BEGIN DATA EXTRACTS

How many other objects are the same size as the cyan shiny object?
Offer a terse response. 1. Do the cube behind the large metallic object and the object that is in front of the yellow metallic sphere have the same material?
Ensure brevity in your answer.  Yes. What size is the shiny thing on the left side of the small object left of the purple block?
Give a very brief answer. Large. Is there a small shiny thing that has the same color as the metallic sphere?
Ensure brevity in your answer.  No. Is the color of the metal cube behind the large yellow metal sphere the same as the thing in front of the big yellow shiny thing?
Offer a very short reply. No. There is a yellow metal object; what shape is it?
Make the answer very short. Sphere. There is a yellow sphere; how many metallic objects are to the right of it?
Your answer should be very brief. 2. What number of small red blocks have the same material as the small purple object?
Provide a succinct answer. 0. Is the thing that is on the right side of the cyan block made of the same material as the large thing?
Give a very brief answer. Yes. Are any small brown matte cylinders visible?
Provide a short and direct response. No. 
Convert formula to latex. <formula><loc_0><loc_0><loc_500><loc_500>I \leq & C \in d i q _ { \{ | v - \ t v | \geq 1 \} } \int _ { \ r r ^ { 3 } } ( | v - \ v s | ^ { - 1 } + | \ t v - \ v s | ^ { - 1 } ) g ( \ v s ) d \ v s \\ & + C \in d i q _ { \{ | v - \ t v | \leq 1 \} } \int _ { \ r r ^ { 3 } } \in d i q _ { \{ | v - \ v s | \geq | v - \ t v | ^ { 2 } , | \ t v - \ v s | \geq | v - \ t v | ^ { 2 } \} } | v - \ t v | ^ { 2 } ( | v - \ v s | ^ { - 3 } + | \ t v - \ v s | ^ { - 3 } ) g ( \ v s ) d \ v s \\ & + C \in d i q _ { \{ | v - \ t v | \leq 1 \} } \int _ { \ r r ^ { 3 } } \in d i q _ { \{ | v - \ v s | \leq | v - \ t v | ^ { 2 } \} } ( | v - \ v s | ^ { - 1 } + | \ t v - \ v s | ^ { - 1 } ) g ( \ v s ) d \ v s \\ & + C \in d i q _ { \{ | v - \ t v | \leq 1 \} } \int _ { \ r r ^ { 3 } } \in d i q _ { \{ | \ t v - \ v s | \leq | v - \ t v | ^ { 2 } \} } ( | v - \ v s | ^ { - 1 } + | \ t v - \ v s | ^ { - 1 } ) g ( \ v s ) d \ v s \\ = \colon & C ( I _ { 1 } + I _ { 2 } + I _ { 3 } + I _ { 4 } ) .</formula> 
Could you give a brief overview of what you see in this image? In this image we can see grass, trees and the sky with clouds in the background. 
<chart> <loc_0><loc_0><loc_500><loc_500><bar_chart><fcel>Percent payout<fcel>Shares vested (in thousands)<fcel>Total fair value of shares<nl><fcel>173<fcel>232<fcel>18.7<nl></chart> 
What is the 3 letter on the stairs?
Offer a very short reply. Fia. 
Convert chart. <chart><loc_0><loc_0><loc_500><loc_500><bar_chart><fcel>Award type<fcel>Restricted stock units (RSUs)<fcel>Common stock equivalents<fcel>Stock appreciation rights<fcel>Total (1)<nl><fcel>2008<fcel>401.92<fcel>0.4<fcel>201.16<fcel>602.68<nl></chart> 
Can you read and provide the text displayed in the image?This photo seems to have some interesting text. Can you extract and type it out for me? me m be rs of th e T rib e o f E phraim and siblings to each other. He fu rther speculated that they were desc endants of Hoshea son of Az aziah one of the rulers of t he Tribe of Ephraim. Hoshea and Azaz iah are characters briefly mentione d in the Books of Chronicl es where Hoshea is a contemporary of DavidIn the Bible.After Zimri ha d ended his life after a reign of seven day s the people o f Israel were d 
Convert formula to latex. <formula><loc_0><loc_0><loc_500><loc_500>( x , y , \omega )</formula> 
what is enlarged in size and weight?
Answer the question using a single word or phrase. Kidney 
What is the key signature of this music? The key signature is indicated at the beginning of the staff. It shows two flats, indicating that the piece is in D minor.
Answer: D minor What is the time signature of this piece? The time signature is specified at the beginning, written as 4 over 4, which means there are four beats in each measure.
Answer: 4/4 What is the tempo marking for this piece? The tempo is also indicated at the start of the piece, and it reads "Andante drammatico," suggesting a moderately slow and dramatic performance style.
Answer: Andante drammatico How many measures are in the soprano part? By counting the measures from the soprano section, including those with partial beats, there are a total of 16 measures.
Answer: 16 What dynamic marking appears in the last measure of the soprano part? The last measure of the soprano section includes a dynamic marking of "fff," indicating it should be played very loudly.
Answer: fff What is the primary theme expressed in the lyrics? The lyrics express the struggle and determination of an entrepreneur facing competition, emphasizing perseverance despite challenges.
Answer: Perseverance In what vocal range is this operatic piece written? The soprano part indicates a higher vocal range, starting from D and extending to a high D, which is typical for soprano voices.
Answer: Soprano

END DATA EXTRACTS

→ **BRIEF**
All lines above from the one containing "Offer a very short reply. Fia." to the one containing "Answer: fff What" must be repeated exactly, both lines included, and no others.

→ **RESPONSE BELOW**
Offer a very short reply. Fia. 
Convert chart. <chart><loc_0><loc_0><loc_500><loc_500><bar_chart><fcel>Award type<fcel>Restricted stock units (RSUs)<fcel>Common stock equivalents<fcel>Stock appreciation rights<fcel>Total (1)<nl><fcel>2008<fcel>401.92<fcel>0.4<fcel>201.16<fcel>602.68<nl></chart> 
Can you read and provide the text displayed in the image?This photo seems to have some interesting text. Can you extract and type it out for me? me m be rs of th e T rib e o f E phraim and siblings to each other. He fu rther speculated that they were desc endants of Hoshea son of Az aziah one of the rulers of t he Tribe of Ephraim. Hoshea and Azaz iah are characters briefly mentione d in the Books of Chronicl es where Hoshea is a contemporary of DavidIn the Bible.After Zimri ha d ended his life after a reign of seven day s the people o f Israel were d 
Convert formula to latex. <formula><loc_0><loc_0><loc_500><loc_500>( x , y , \omega )</formula> 
what is enlarged in size and weight?
Answer the question using a single word or phrase. Kidney 
What is the key signature of this music? The key signature is indicated at the beginning of the staff. It shows two flats, indicating that the piece is in D minor.
Answer: D minor What is the time signature of this piece? The time signature is specified at the beginning, written as 4 over 4, which means there are four beats in each measure.
Answer: 4/4 What is the tempo marking for this piece? The tempo is also indicated at the start of the piece, and it reads "Andante drammatico," suggesting a moderately slow and dramatic performance style.
Answer: Andante drammatico How many measures are in the soprano part? By counting the measures from the soprano section, including those with partial beats, there are a total of 16 measures.
Answer: 16 What dynamic marking appears in the last measure of the soprano part? The last measure of the soprano section includes a dynamic marking of "fff," indicating it should be played very loudly.
Answer: fff What is the primary theme expressed in the lyrics? The lyrics express the struggle and determination of an entrepreneur facing competition, emphasizing perseverance despite challenges.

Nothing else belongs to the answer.